--- AVAILABLE DATA ---
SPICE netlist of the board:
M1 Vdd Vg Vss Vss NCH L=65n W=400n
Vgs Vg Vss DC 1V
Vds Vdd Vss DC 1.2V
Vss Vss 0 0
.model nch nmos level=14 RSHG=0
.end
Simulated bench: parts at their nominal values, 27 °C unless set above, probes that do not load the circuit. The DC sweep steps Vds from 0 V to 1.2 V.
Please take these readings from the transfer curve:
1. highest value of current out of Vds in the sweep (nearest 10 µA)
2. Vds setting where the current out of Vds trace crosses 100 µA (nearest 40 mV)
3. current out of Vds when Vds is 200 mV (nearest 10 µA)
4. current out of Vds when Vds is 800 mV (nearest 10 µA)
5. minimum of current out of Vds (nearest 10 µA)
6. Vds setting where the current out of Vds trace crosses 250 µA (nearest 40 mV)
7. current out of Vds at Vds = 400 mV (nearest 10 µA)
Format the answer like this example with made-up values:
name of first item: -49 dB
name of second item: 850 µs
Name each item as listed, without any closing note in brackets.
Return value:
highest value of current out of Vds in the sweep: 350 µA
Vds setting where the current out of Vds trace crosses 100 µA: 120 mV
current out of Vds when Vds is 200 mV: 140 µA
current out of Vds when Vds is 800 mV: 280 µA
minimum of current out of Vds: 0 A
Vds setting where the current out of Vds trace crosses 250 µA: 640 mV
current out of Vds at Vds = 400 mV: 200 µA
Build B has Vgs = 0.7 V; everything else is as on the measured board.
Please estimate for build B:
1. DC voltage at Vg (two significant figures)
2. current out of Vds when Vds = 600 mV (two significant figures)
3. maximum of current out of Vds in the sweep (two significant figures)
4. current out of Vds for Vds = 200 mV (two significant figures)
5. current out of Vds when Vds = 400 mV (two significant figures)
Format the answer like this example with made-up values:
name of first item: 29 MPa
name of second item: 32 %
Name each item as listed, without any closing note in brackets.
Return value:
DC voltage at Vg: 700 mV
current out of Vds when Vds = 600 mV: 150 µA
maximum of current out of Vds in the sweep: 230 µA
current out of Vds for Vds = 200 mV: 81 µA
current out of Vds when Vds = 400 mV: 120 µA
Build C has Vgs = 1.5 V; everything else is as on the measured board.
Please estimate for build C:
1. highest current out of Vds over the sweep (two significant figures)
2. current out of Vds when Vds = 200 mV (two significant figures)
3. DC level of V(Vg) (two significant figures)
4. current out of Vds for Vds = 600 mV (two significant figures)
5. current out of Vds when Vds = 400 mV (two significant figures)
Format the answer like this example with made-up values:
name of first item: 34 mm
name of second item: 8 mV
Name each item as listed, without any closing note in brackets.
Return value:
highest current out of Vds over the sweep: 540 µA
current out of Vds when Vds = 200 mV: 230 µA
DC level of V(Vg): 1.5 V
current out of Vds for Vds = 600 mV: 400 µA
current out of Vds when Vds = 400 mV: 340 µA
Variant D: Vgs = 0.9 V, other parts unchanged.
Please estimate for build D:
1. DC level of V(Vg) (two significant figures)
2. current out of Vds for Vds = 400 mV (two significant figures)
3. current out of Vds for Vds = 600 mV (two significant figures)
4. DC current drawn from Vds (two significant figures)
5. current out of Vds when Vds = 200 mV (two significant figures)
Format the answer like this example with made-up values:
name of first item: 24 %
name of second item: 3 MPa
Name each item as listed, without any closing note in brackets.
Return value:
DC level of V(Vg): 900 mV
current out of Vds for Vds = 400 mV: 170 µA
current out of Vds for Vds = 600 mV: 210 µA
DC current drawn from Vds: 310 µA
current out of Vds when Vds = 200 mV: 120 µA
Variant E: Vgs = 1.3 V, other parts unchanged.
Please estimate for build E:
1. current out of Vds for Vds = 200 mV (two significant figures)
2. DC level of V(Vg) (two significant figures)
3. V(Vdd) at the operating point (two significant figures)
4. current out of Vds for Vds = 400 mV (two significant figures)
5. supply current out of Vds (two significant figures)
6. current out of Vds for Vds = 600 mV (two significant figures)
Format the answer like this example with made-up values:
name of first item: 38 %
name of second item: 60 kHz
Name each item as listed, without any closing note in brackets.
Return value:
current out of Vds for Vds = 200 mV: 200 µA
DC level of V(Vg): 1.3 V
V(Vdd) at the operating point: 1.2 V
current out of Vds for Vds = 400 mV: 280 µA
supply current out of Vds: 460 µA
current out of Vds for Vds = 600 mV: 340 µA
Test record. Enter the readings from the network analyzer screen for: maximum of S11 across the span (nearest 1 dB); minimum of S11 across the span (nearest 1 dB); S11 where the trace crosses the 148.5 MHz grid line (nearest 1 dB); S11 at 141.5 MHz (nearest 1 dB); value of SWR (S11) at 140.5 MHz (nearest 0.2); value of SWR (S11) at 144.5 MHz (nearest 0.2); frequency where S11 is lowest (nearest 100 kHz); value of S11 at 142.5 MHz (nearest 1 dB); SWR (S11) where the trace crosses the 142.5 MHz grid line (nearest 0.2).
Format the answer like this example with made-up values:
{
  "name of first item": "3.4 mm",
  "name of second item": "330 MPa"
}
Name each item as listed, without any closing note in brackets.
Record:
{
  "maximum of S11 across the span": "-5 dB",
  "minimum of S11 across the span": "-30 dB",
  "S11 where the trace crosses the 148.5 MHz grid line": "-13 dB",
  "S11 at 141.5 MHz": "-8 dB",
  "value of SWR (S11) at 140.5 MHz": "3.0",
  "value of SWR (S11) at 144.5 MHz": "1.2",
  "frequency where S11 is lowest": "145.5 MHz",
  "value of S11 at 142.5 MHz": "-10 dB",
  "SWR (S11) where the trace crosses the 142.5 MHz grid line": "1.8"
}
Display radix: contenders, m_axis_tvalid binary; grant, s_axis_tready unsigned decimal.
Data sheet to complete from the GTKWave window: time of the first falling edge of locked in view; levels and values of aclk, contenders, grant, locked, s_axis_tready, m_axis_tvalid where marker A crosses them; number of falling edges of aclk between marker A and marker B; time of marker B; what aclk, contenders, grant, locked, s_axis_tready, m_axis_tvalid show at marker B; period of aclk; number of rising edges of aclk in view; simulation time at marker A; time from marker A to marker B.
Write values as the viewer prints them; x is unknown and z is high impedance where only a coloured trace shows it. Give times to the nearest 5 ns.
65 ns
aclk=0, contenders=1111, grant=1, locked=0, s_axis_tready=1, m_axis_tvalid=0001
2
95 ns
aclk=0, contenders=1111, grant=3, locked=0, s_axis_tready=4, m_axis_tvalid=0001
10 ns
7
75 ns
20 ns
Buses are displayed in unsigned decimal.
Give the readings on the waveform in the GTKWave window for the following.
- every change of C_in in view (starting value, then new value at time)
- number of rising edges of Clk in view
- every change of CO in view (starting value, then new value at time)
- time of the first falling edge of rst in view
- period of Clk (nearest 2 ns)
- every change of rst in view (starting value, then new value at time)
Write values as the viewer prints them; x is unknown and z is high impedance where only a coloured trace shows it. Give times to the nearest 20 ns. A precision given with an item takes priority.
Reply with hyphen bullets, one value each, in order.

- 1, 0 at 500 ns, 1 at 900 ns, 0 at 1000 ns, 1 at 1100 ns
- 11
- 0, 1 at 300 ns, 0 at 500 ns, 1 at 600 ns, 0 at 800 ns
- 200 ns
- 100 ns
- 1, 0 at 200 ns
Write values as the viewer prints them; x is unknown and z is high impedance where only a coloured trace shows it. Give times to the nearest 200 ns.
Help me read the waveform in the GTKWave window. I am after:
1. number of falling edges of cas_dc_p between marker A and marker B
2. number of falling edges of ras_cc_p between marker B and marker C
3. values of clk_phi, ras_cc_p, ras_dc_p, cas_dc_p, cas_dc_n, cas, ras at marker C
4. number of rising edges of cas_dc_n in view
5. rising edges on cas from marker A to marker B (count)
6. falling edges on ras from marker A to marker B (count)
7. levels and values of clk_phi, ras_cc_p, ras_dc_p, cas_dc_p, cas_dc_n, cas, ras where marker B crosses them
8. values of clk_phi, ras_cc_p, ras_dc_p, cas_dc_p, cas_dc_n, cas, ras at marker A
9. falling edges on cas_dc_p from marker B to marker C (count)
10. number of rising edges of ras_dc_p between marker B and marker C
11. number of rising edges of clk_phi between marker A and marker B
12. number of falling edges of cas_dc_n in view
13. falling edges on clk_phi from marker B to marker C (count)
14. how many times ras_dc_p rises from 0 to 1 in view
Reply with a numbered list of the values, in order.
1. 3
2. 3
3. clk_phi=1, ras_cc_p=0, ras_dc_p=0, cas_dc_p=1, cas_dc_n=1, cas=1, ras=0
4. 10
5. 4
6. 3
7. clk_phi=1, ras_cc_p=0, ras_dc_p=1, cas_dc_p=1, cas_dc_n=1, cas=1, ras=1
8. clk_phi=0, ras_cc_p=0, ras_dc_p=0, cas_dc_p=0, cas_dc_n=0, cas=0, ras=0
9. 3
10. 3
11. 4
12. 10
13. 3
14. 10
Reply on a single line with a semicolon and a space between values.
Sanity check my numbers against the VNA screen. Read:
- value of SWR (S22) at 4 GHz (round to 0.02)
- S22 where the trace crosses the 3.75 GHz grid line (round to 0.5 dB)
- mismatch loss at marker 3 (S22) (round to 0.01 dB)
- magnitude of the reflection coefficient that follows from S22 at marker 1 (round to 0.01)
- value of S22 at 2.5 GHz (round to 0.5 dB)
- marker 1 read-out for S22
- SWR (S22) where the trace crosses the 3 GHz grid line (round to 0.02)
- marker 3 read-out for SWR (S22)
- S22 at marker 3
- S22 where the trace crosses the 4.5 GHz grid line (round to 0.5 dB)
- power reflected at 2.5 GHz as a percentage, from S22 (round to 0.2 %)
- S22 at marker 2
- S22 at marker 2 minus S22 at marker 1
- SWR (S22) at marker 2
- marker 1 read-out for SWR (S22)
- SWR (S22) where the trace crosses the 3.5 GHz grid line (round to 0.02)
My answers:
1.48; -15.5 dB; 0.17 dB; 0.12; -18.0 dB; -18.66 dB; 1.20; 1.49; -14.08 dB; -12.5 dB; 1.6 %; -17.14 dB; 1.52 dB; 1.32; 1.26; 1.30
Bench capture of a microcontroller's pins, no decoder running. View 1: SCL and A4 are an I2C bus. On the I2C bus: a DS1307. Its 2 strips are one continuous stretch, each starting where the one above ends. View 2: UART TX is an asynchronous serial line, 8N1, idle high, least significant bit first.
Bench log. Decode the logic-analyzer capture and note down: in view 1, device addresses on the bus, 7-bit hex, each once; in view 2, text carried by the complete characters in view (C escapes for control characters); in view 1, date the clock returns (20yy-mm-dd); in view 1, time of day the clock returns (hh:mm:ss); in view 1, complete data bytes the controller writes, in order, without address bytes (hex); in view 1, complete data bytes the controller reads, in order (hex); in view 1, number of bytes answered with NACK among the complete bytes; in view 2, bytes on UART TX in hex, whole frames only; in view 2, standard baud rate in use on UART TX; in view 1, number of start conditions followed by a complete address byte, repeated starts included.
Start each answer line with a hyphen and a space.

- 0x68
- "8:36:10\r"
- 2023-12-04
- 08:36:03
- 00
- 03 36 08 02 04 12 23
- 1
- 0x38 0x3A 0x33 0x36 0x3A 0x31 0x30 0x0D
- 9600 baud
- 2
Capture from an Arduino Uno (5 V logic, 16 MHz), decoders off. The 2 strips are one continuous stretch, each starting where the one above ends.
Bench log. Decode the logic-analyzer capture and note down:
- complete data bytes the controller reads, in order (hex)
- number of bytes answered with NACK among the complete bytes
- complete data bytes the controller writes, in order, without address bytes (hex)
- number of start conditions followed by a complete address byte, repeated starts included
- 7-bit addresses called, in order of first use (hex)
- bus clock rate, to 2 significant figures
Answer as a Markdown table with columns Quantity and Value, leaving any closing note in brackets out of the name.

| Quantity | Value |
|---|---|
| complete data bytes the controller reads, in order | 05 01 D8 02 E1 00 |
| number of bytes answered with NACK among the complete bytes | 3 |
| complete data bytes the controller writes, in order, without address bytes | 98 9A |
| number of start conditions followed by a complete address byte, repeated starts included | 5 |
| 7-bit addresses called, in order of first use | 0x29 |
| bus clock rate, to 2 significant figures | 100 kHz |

--- EXERCISE GOAL ---
When a line in the records above contains the word "readings", copy it.

--- OUTPUT ---
Please take these readings from the transfer curve:
Test record. Enter the readings from the network analyzer screen for: maximum of S11 across the span (nearest 1 dB); minimum of S11 across the span (nearest 1 dB); S11 where the trace crosses the 148.5 MHz grid line (nearest 1 dB); S11 at 141.5 MHz (nearest 1 dB); value of SWR (S11) at 140.5 MHz (nearest 0.2); value of SWR (S11) at 144.5 MHz (nearest 0.2); frequency where S11 is lowest (nearest 100 kHz); value of S11 at 142.5 MHz (nearest 1 dB); SWR (S11) where the trace crosses the 142.5 MHz grid line (nearest 0.2).
Give the readings on the waveform in the GTKWave window for the following.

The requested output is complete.